To assess whether an intensive multifactorial treatment can reduce cognitive decrements and cognitive decline in screen-detected type 2 diabetes.

METHODS

The multinational ADDITION-study, a cluster-randomized parallel group trial in patients with screen-detected type 2 diabetes, compared the effectiveness of intensive multifactorial treatment (IT; lifestyle advice and strict regulation of metabolic parameters) with routine care (RC) on cardiovascular outcome. In The Netherlands randomization was stratified according to practice organization. Allocation was concealed from patients. The present study assessed the effect of IT on cognition through two neuropsychological assessments (NPA) on two occasions. The assessments took place three and six years after the start of the intervention. Non-diabetic controls served as reference group. The first NPA was performed in 183 patients (IT: 97; RC: 86) and 69 controls.
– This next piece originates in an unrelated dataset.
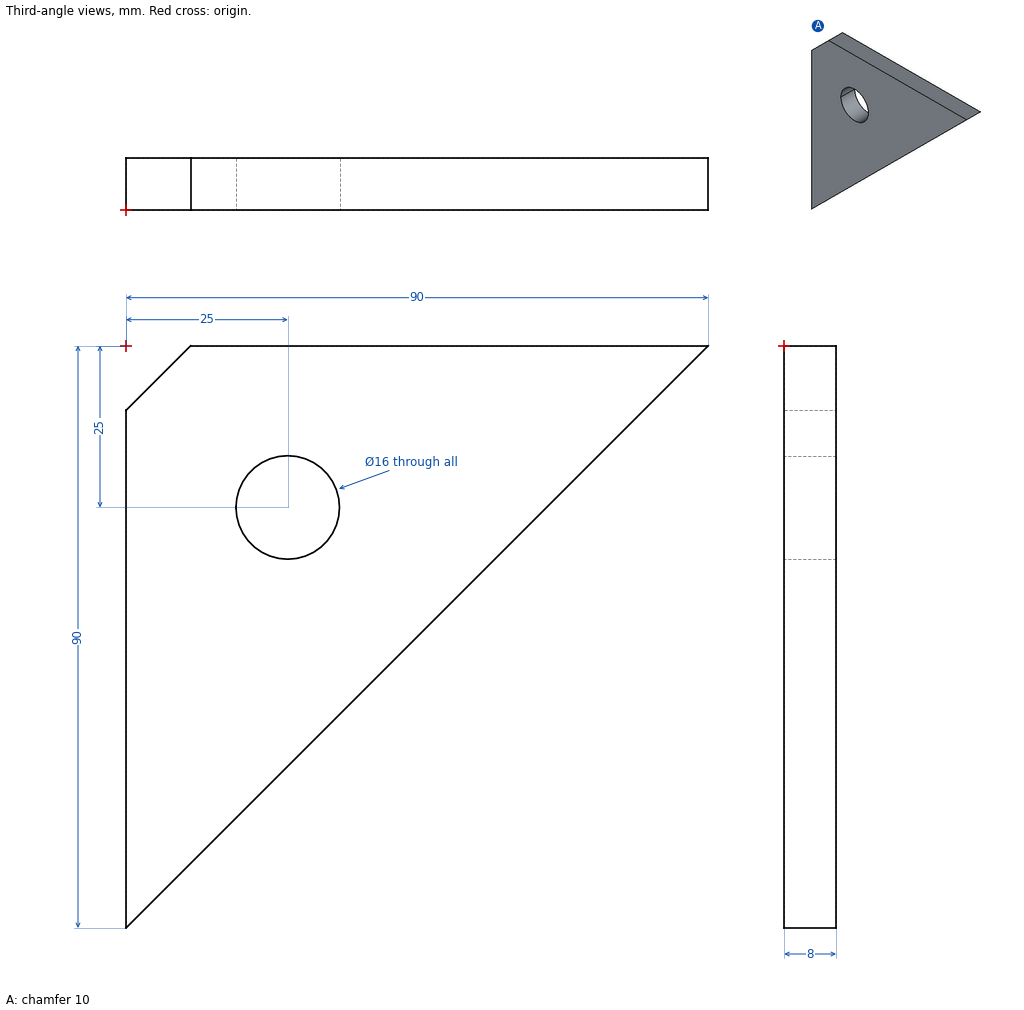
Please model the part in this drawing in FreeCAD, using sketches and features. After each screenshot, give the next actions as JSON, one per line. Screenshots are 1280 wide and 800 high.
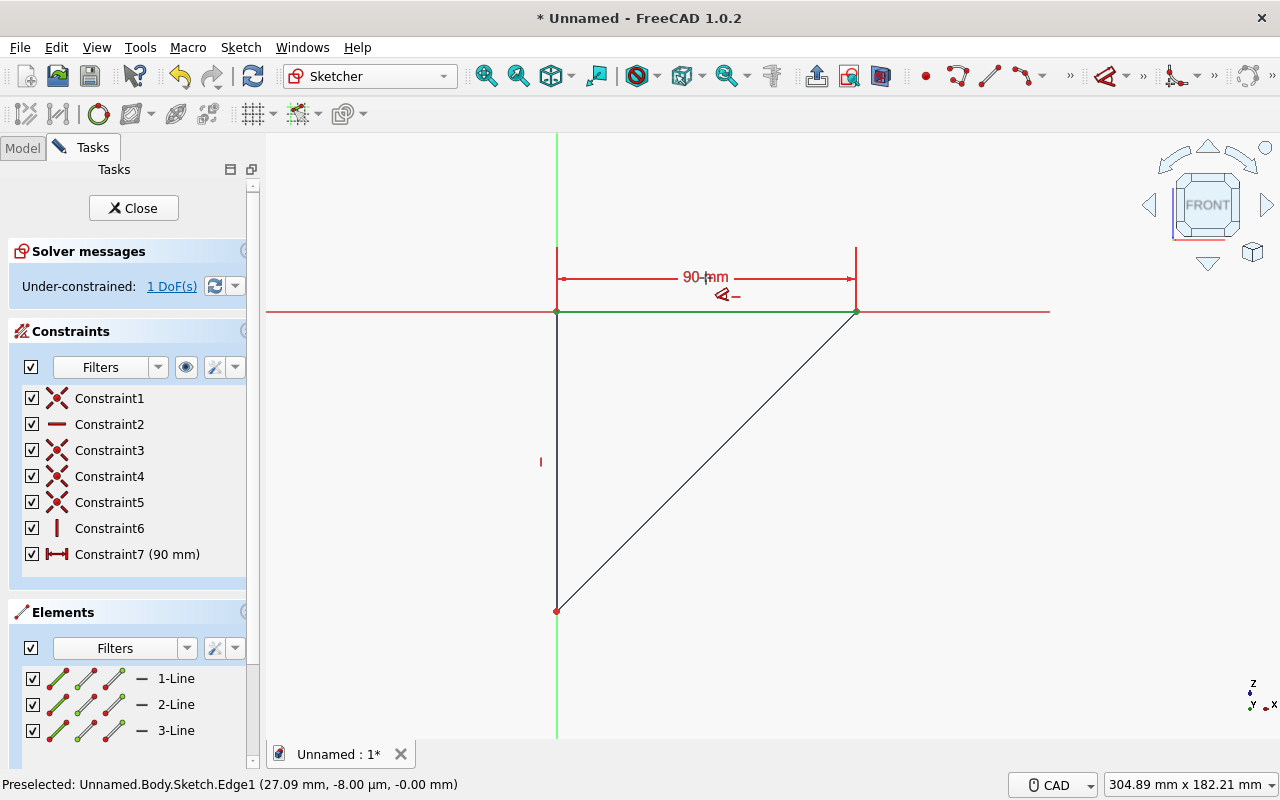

The second NPA was performed in 135 patients (IT: 71; RC: 64) and 55 controls. Primary outcome was a composite score, including the domains memory, information-processing speed and attention and executive function. Comparisons between the treatment groups were performed with multi-level analyses.

RESULTS

The first NPA showed no differences between the treatment groups (mean difference composite z-score: 0.00; 95%-CI -0.16 to 0.16; IT vs RC). Over the next three years cognitive decline in the diabetic groups was within the range of the reference group and did not differ between the treatment arms (difference decline between diabetic groups -0.12; -0.24 to 0.01; IT vs RC).

CONCLUSIONS

Six years of IT in screen-detected type 2 diabetes had no benefit on cognitive functioning over RC.